**What the exercise asks**
Find the line below with "Convert formula to" and the line with "Answer: Tempo (BPM)". Output exactly those lines and everything between them, leaving out the pictures.

**Dataset records**
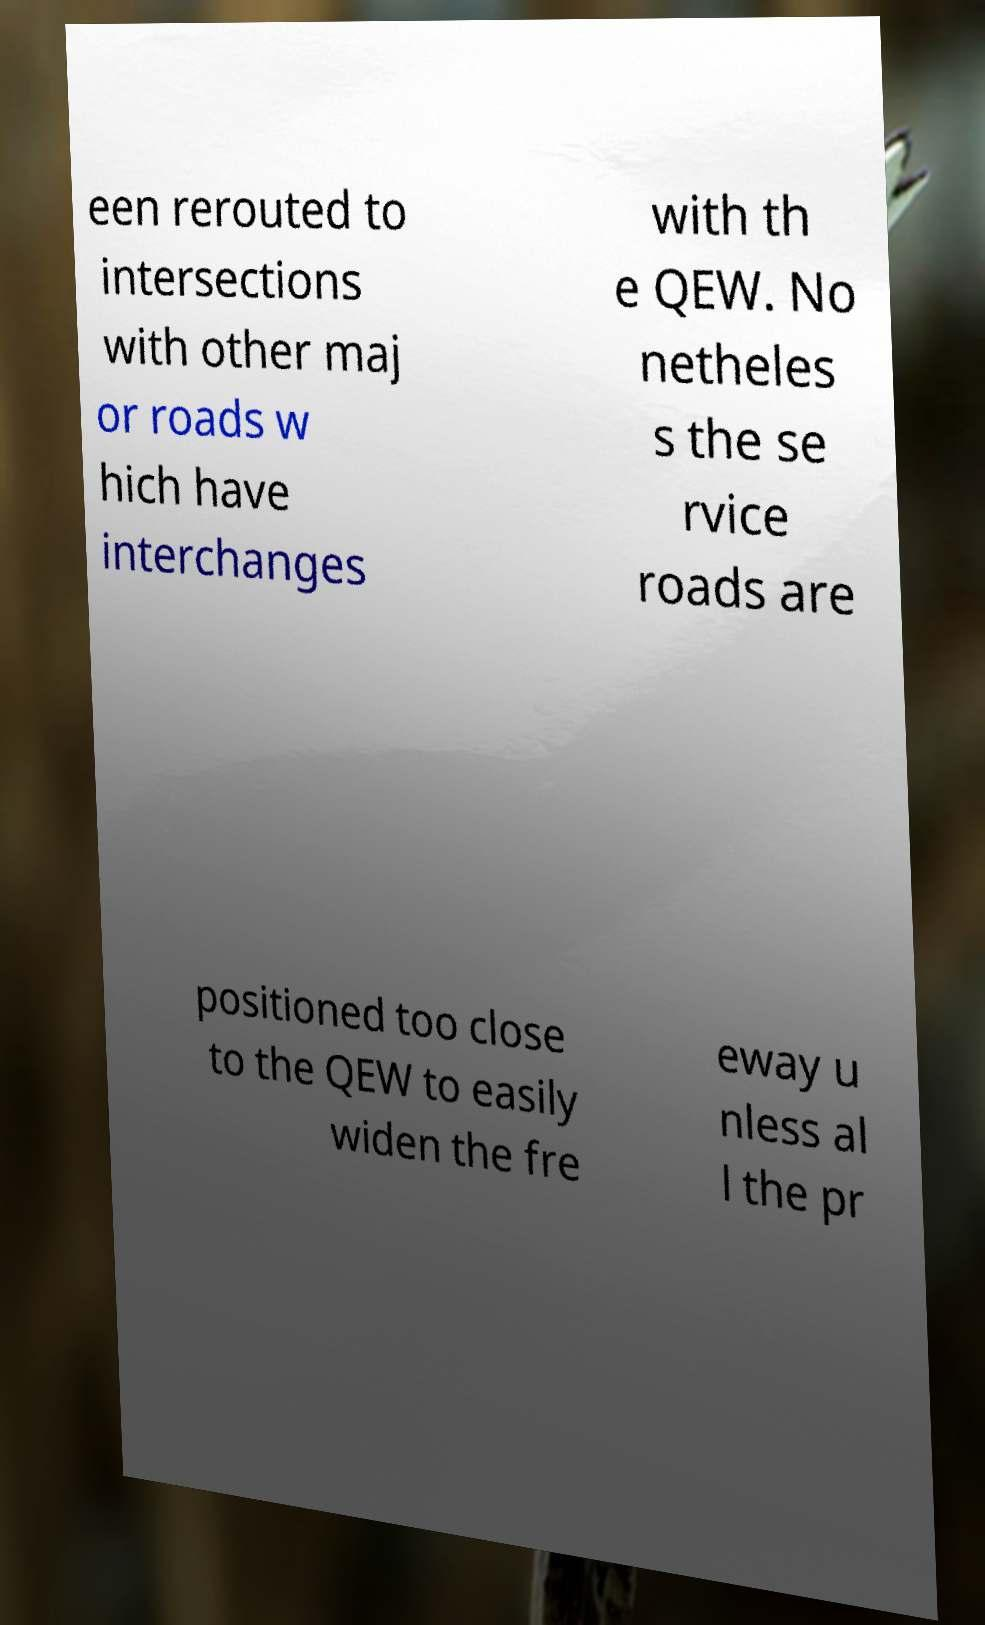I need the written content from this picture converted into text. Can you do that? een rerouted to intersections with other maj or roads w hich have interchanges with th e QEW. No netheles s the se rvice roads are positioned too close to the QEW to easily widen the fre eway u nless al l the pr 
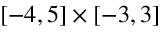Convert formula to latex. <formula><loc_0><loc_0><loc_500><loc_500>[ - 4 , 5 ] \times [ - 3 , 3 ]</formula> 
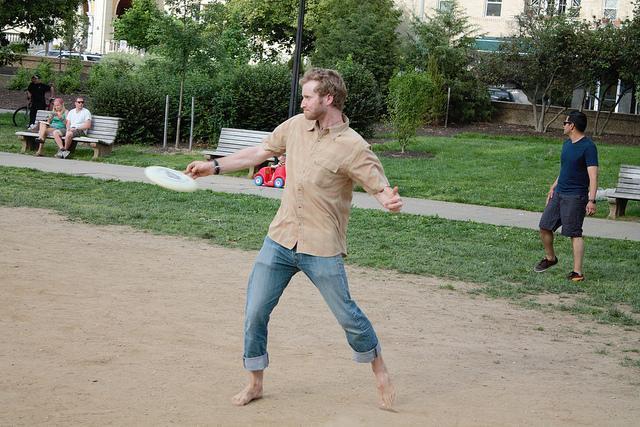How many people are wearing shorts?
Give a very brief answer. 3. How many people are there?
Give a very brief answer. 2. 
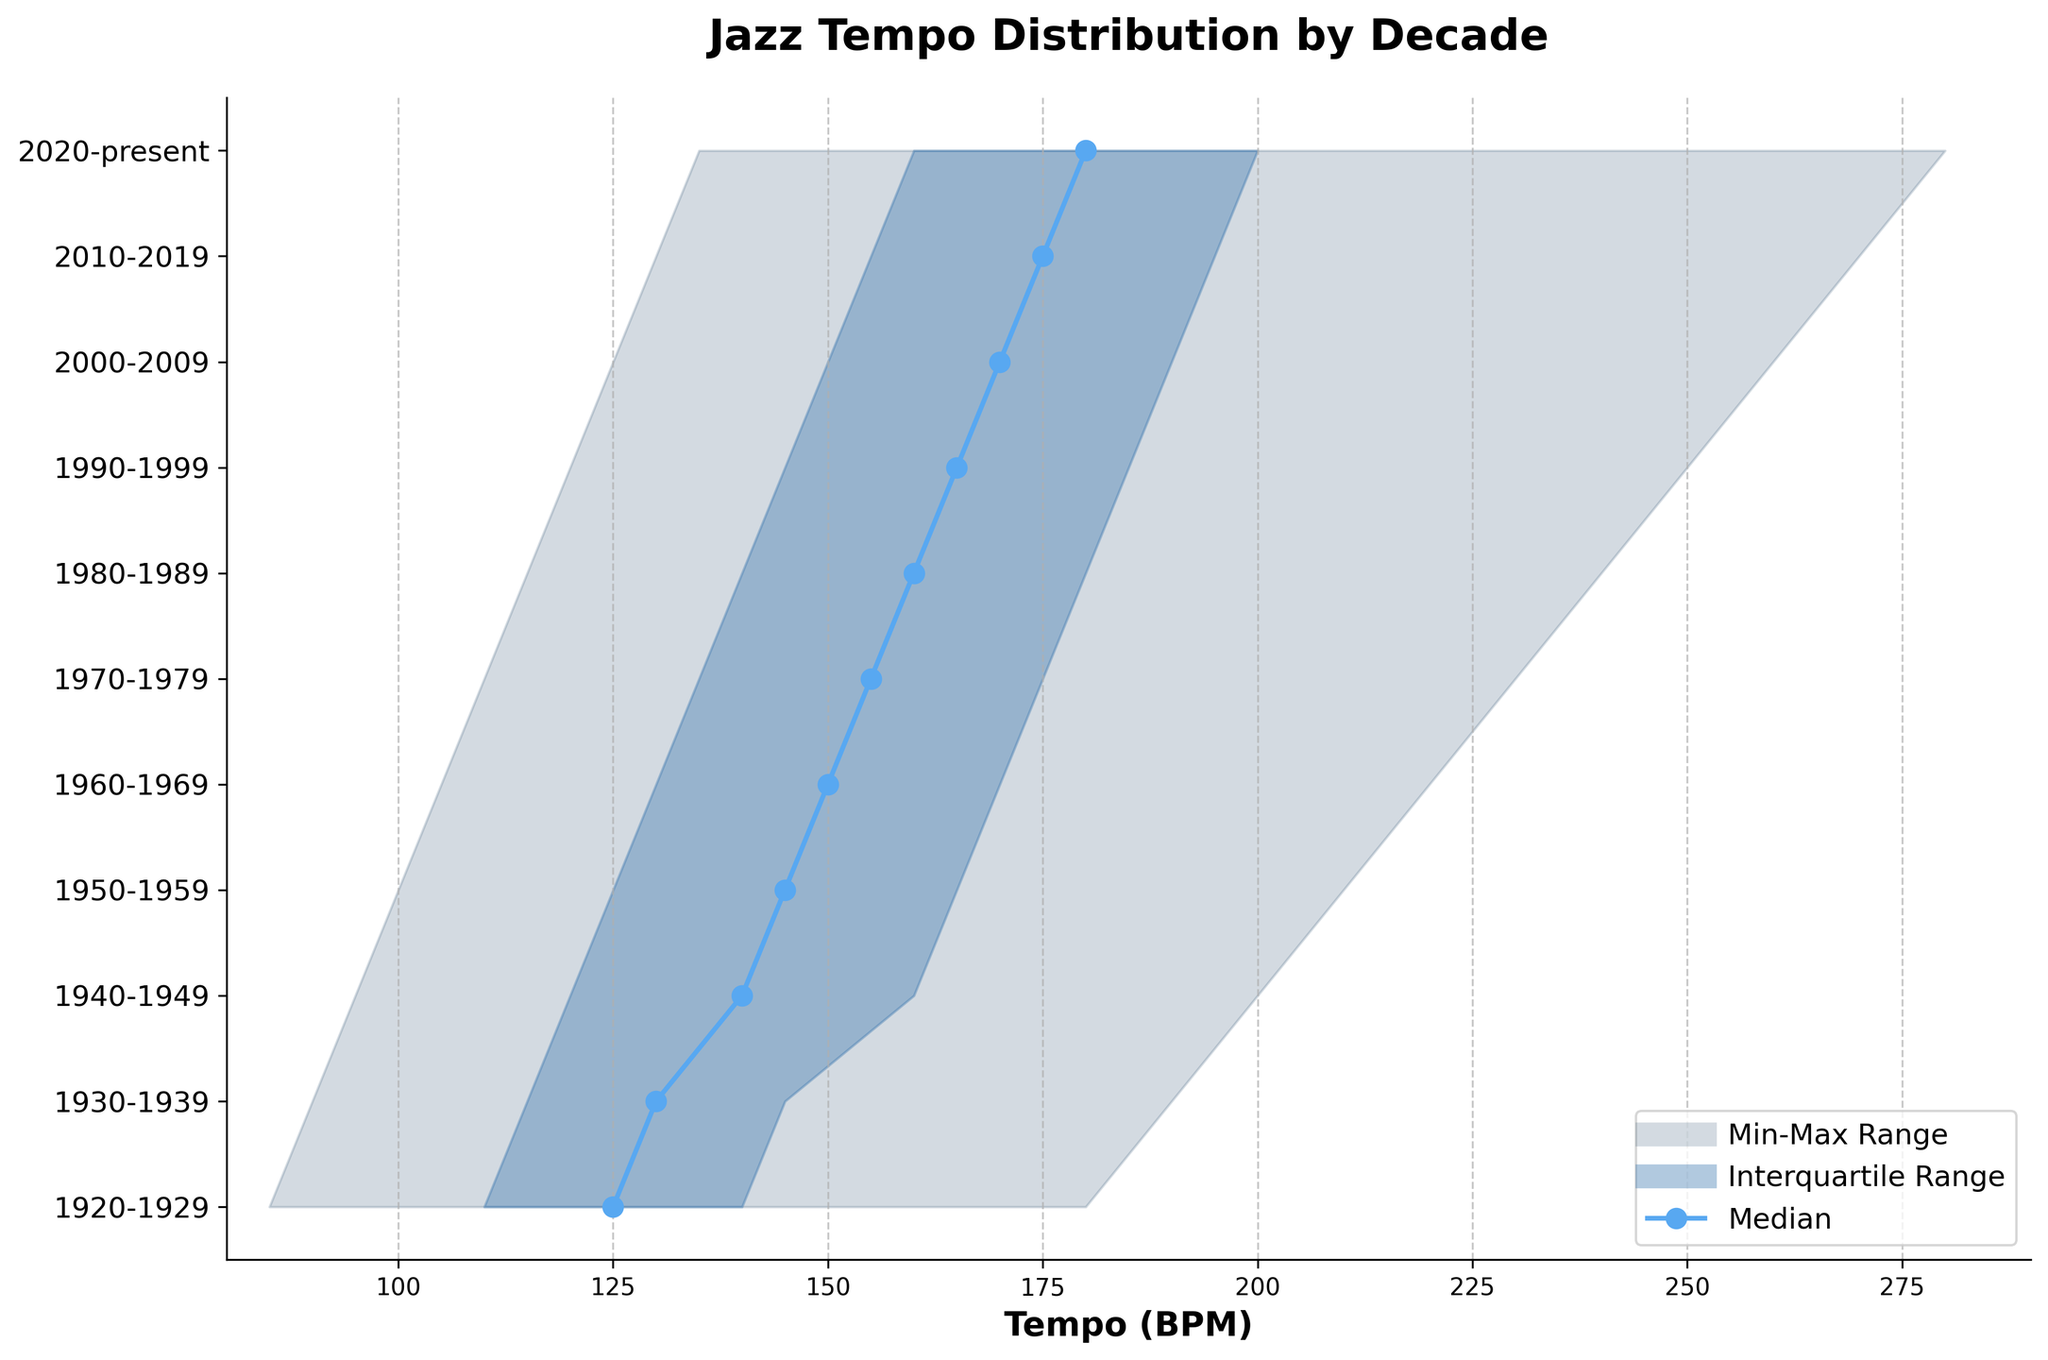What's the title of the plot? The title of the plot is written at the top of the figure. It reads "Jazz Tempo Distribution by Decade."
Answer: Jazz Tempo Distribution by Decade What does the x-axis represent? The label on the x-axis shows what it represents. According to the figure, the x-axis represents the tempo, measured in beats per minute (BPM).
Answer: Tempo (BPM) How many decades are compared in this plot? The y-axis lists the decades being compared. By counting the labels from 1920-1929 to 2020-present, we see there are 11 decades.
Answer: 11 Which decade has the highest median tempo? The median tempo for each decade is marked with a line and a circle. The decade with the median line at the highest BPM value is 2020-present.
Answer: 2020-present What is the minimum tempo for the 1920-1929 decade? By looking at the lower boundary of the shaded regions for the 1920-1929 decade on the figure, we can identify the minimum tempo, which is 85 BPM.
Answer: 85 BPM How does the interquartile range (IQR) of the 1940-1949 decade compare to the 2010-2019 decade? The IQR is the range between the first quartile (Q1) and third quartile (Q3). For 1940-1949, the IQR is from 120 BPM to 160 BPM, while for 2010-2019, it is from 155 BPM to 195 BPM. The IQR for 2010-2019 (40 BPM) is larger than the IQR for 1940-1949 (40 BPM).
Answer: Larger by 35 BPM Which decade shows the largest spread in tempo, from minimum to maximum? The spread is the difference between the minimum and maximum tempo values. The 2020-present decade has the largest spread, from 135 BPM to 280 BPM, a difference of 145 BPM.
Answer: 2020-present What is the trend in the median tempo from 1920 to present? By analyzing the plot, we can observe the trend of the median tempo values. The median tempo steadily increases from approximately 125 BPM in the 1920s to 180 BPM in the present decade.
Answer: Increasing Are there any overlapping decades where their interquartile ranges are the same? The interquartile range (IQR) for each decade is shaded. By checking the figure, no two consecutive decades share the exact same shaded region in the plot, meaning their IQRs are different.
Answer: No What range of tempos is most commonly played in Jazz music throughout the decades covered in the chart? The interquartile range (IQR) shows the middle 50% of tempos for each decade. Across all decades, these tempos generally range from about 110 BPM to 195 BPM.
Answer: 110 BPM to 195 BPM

**Answer below**
Convert formula to latex. <formula><loc_0><loc_0><loc_500><loc_500>[ - 4 , 5 ] \times [ - 3 , 3 ]</formula> 
How many people are wearing shorts?
Give a very brief answer. 3. How many people are there?
Give a very brief answer. 2. 
What's the title of the plot? The title of the plot is written at the top of the figure. It reads "Jazz Tempo Distribution by Decade."
Answer: Jazz Tempo Distribution by Decade What does the x-axis represent? The label on the x-axis shows what it represents. According to the figure, the x-axis represents the tempo, measured in beats per minute (BPM).
Answer: Tempo (BPM) How many decades are compared in this plot? The y-axis lists the decades being compared. By counting the labels from 1920-1929 to 2020-present, we see there are 11 decades.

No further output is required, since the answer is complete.